I'm trying to assess the utility of various in vitro assays/models, and I'm looking for *general thoughts/opinions* here. Elsewhere, I'm looking at the specifics of modelling the brain, modelling nanmomaterial-blood interactions, modelling cell transplantation etc.
I suspect each aspect of each model would need to be tested, and then the data compared to whatever in vivo data is available (if any; it may be incomplete, or rely on surrogate outcomes/biomarkers).
E.g. for a white blood cell (WBC) in vitro model: are WBC responses to immunosuppressive agents in vitro, identical to responses in vivo? You'd presumably have to measure the levels of lots of cytokines, in vitro and in vivo, and some may correlate better than others. (also morphological, motility, toxicological assays, etc.)
I presume that you can only conclude that (this specific) in vitro WBC assay is a good model of (this specific) cytokine release in response to (this specific) immunosuppressive agent.

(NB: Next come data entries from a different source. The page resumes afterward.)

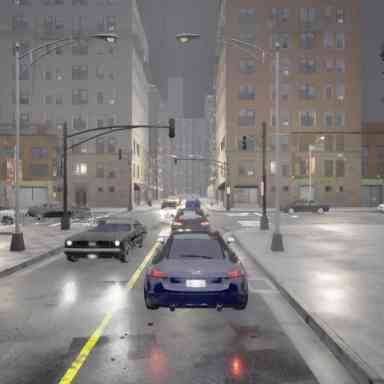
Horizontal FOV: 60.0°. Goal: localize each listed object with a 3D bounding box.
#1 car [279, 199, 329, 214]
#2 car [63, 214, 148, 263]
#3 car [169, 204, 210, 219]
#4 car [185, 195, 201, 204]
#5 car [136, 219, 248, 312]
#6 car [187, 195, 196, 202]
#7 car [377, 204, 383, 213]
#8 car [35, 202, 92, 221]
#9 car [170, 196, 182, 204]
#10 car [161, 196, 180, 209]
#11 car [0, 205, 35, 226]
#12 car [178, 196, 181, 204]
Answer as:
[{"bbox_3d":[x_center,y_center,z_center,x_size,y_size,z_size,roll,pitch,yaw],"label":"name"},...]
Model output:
[{"bbox_3d":[11.161,1.450,33.319,4.892,1.490,1.837,0,0,0],"label":"car"},{"bbox_3d":[-2.869,1.601,12.047,1.895,1.301,4.718,0,0,2],"label":"car"},{"bbox_3d":[-0.085,1.525,16.551,1.812,1.442,4.674,0,0,-1],"label":"car"},{"bbox_3d":[0.113,1.494,44.820,1.882,1.535,5.008,0,0,0],"label":"car"},{"bbox_3d":[0.084,1.564,7.807,1.994,1.385,4.181,0,0,0],"label":"car"},{"bbox_3d":[-0.084,1.578,80.064,2.128,1.511,4.902,0,0,0],"label":"car"},{"bbox_3d":[21.172,1.436,33.377,4.674,1.442,1.812,0,0,0],"label":"car"},{"bbox_3d":[-10.572,1.524,26.761,4.902,1.511,2.128,0,0,-5],"label":"car"},{"bbox_3d":[-3.074,1.586,65.778,2.033,1.411,5.357,0,0,1],"label":"car"},{"bbox_3d":[-3.072,1.618,44.848,1.895,1.301,4.718,0,0,0],"label":"car"},{"bbox_3d":[-13.863,1.572,23.183,4.674,1.442,1.812,0,0,1],"label":"car"},{"bbox_3d":[-3.098,1.506,55.140,1.882,1.535,5.008,0,0,0],"label":"car"}]
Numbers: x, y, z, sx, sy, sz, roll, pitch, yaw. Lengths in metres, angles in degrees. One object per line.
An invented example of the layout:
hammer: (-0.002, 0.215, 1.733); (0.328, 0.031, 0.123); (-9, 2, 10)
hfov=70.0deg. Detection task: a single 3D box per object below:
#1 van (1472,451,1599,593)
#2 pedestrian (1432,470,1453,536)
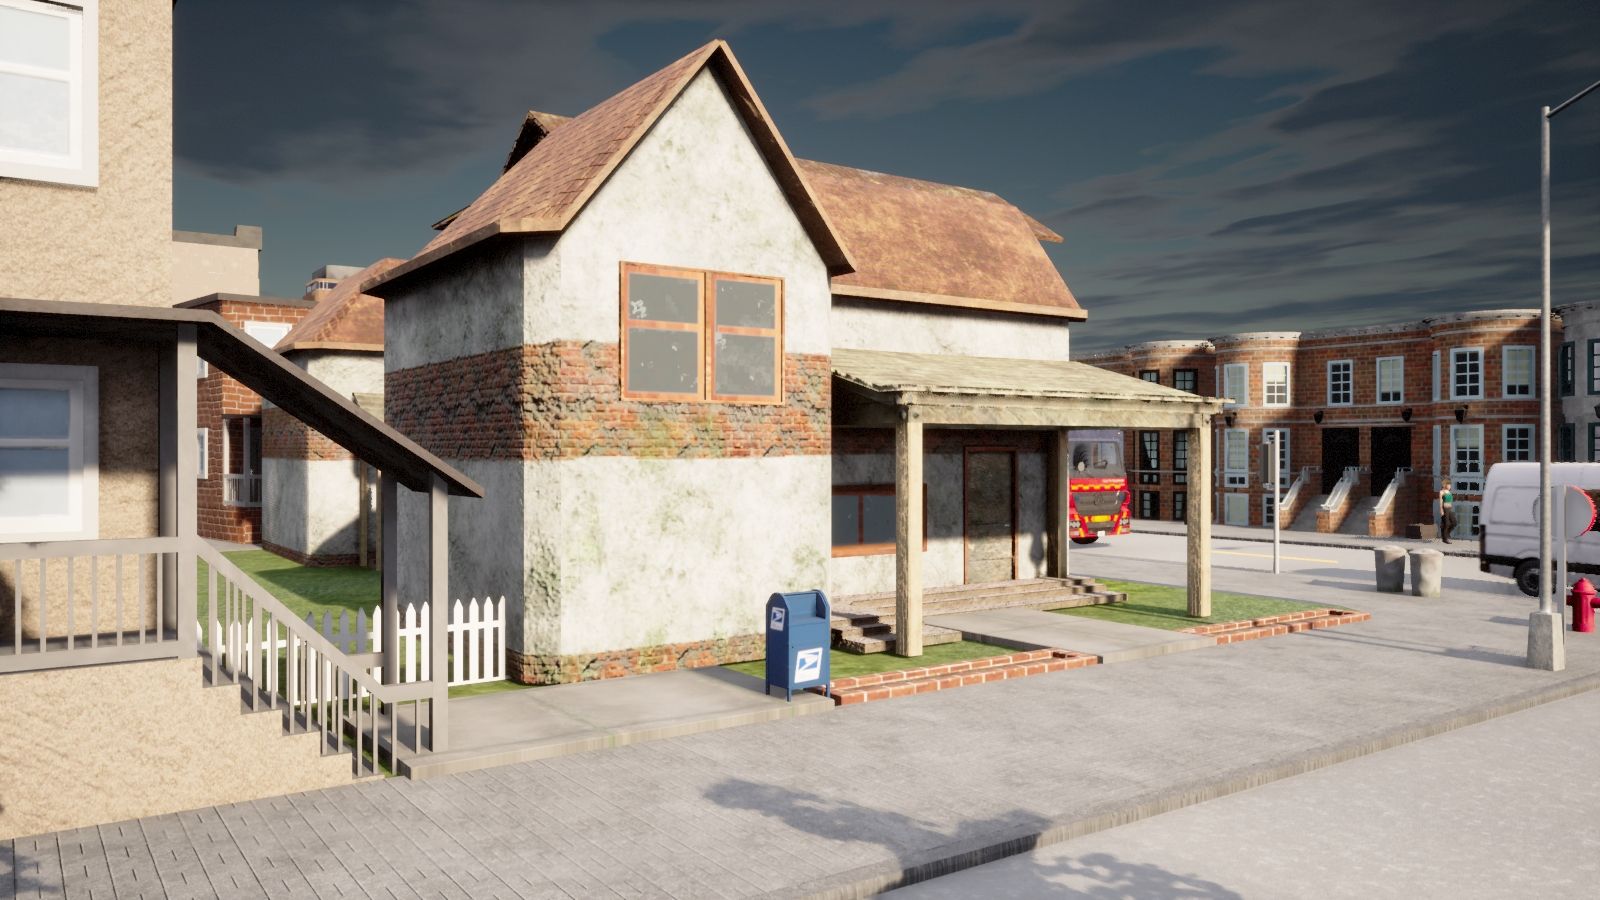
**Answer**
van: (15.554, 1.305, 20.508); (1.988, 2.561, 5.915); (0, 0, -26)
pedestrian: (18.307, 1.511, 32.551); (0.375, 1.860, 0.375); (0, 0, -28)

Strictly, you shouldn't extrapolate from this to assume that, say, apoptosis or chemotaxis in this model would also be representative of in vivo, but are there any standardised approaches to this kind of vitro/vivo comparison?
Have any rules for generalisation/extrapolation emerged? (e.g. if the in vitro secretome of a model is representative of in vivo, can we expect proliferation or apoptosis to also be representative of in vivo? Or is every element distinct?)

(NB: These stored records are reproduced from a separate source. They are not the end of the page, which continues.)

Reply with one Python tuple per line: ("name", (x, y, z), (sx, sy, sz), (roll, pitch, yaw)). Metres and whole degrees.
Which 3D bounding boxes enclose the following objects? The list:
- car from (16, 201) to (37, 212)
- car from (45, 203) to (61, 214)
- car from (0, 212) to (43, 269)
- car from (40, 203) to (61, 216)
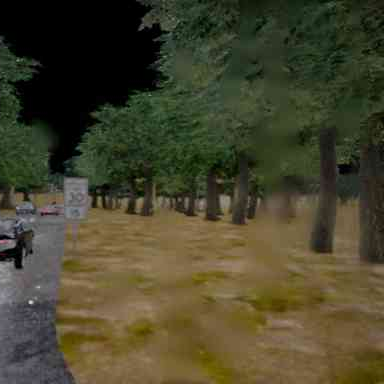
("car", (-21.597, 2.025, 43.431), (2.097, 1.767, 4.553), (1, -2, -20))
("car", (-20.796, 2.422, 49.910), (2.033, 1.411, 5.357), (1, -2, -20))
("car", (-6.580, 1.636, 11.397), (2.128, 1.511, 4.902), (1, -1, -20))
("car", (-17.317, 2.218, 40.576), (1.994, 1.385, 4.181), (1, -2, -20))
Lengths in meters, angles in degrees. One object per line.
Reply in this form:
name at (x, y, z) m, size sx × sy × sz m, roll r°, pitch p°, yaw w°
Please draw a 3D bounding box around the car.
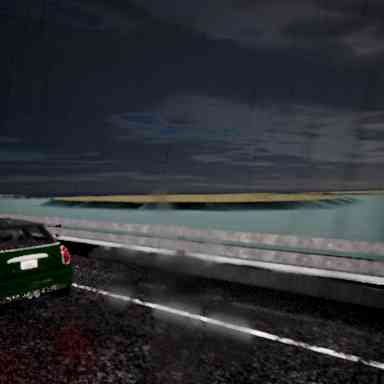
car at (-4.730, 1.356, 7.374) m, size 4.553 × 1.767 × 2.097 m, roll 0°, pitch 0°, yaw 36°
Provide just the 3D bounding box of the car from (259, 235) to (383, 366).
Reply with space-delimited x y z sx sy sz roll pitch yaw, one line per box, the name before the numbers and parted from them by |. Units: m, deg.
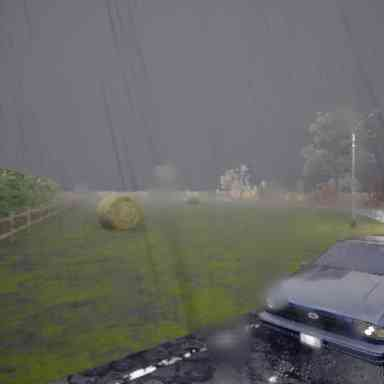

I'm sure most models work well for some aspects, but not others (e.g. rodent models vs human). Is there any database where failed/predictive applications of models are reported/collected?
Is there any database comparing (specific) cell lines with primary cells and/or in vivo data, for various assays?
I appreciate that this is broad and woolly, but I thank you for any comments on this.